**Required action:** Using the entries below, copy exactly each line from the line with "Instruction: Point to" up to and including the line with "Locate the block", with every picture left out.

[The data — start]

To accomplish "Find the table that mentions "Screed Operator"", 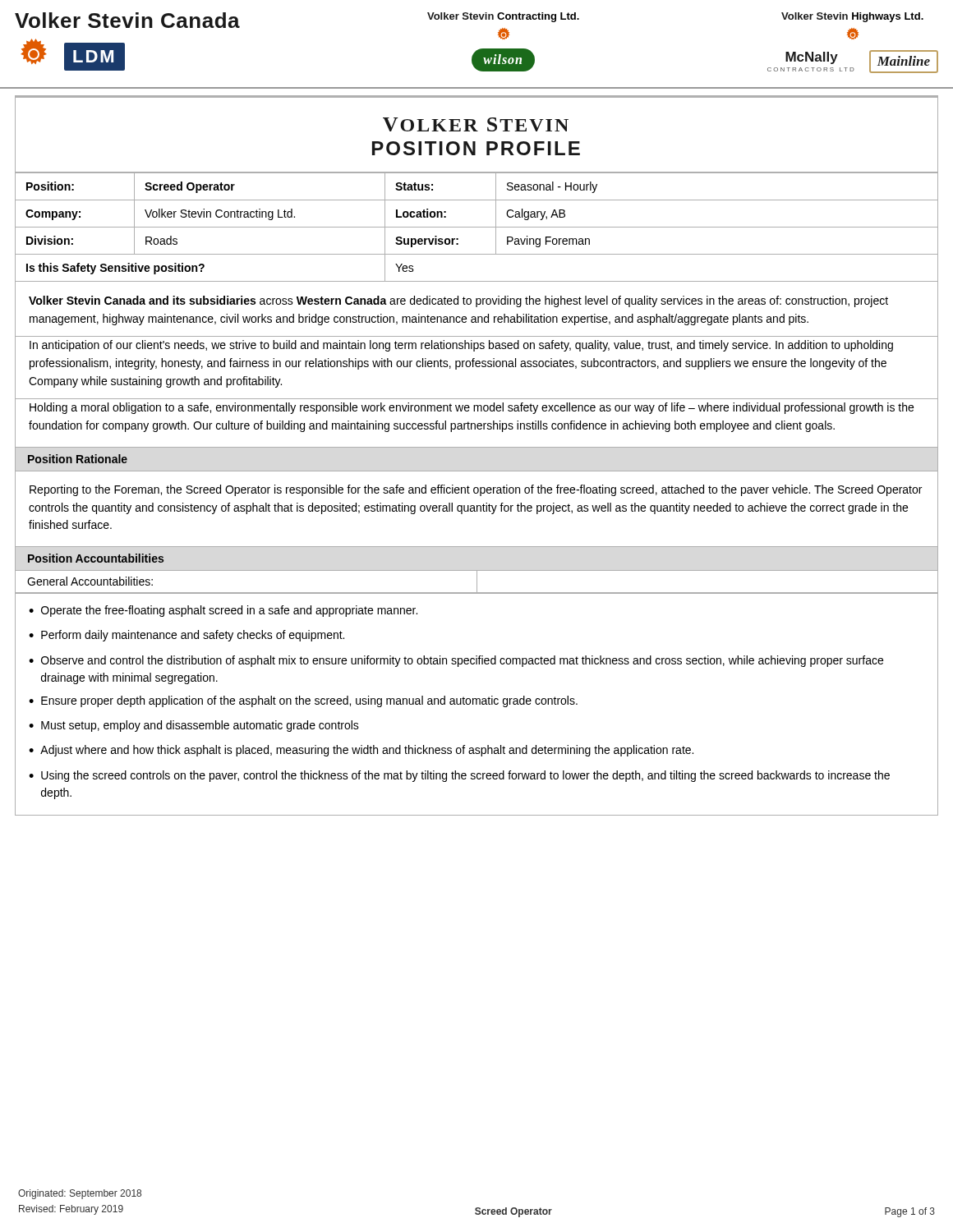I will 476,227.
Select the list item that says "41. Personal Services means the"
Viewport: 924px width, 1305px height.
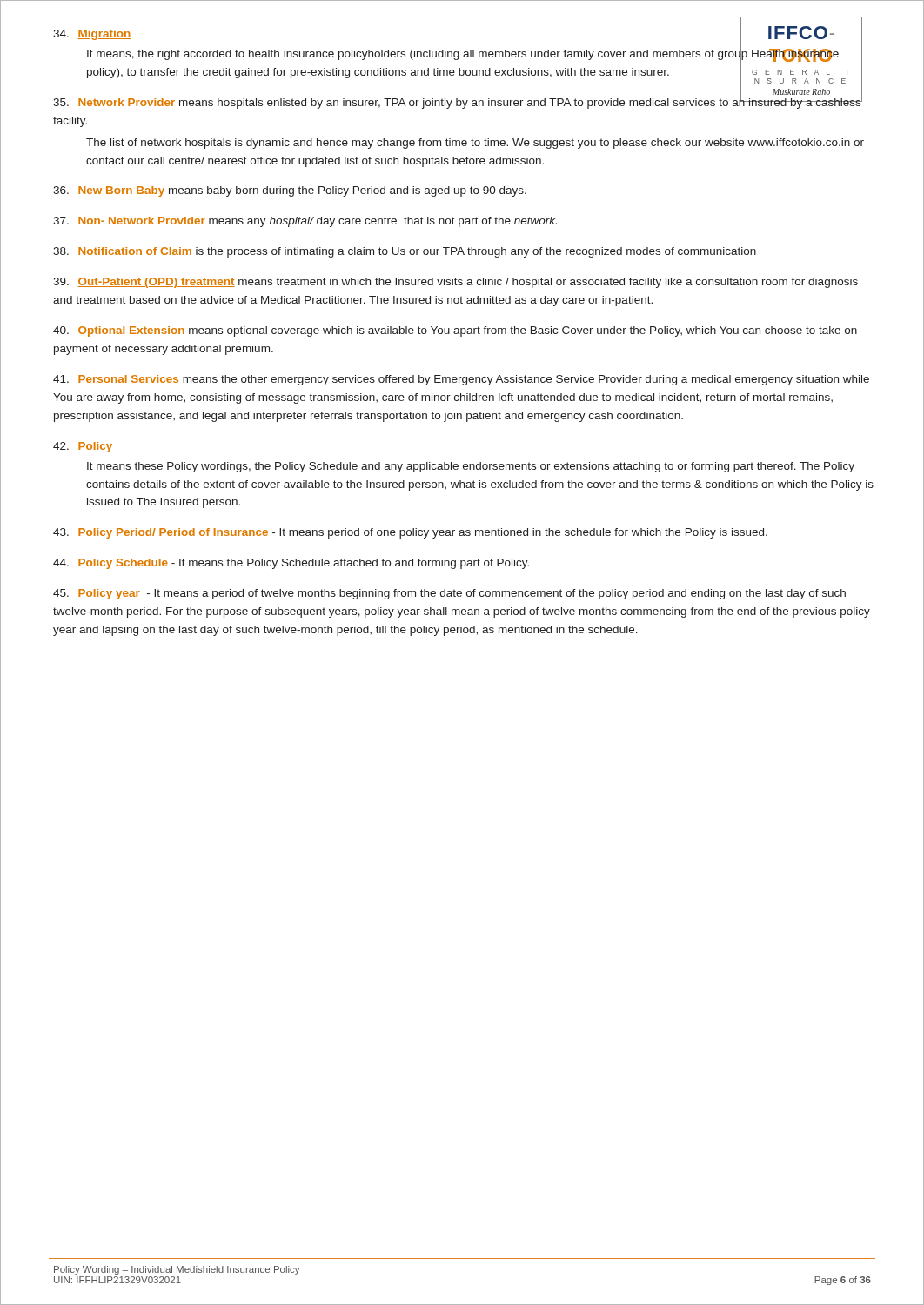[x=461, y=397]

[The data — finish]
[The data — start]

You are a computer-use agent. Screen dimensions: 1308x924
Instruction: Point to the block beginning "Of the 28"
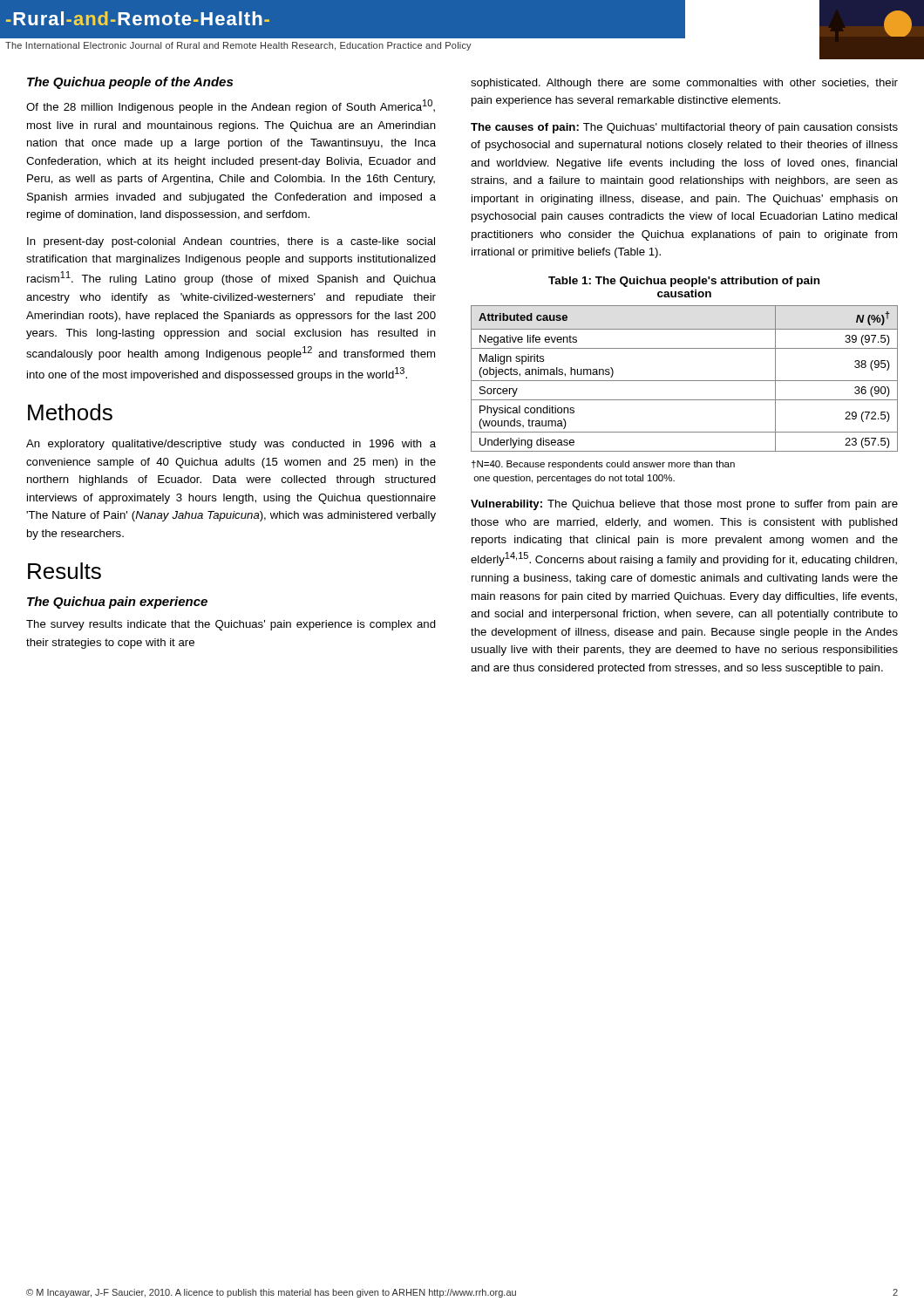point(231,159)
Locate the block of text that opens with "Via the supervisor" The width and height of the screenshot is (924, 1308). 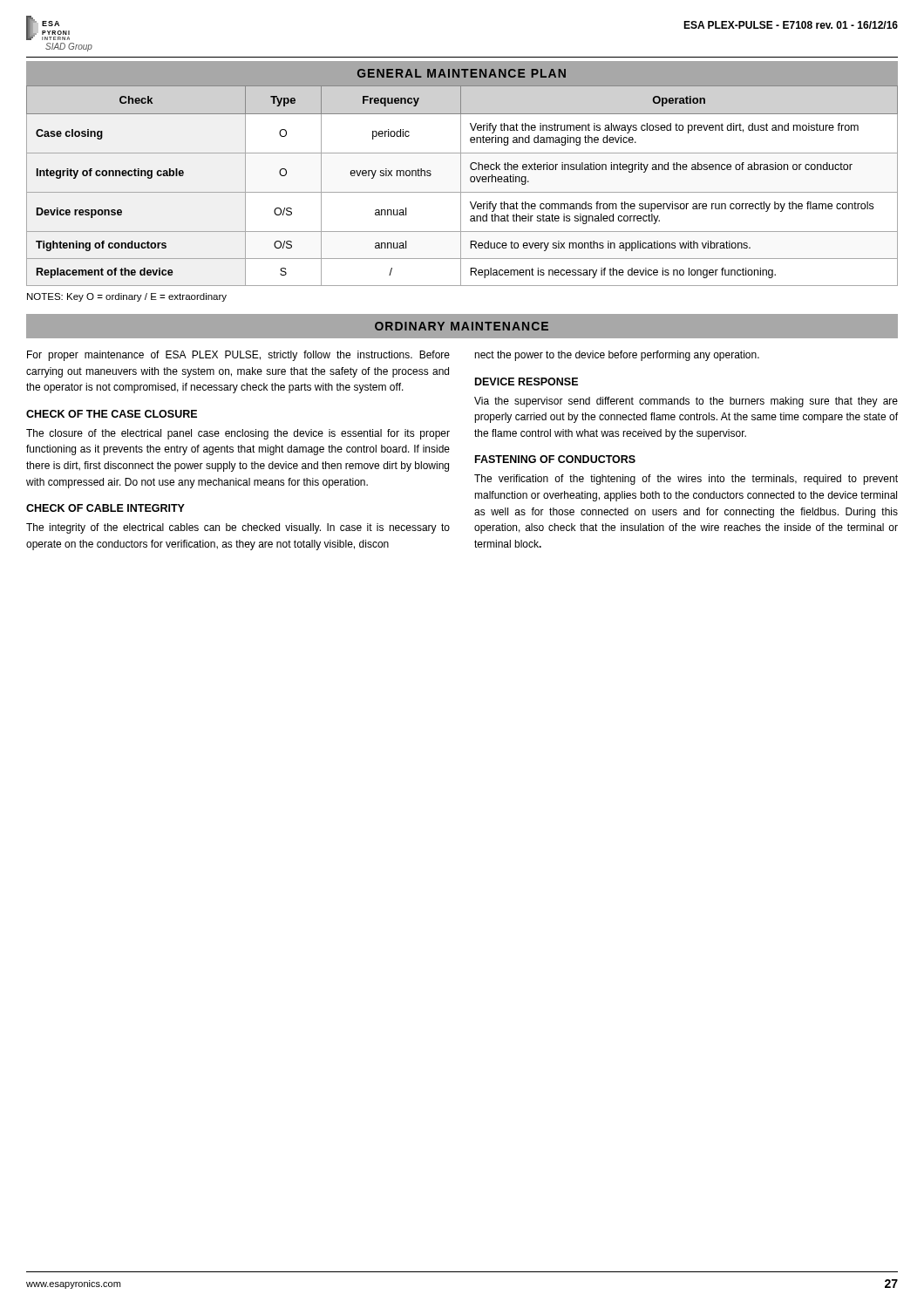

[The data — finish]

**Response to the exercise:**
Instruction: Point to the block beginning "Of the 28"
point(231,159)
Locate the block of text that opens with "Via the supervisor" The width and height of the screenshot is (924, 1308). 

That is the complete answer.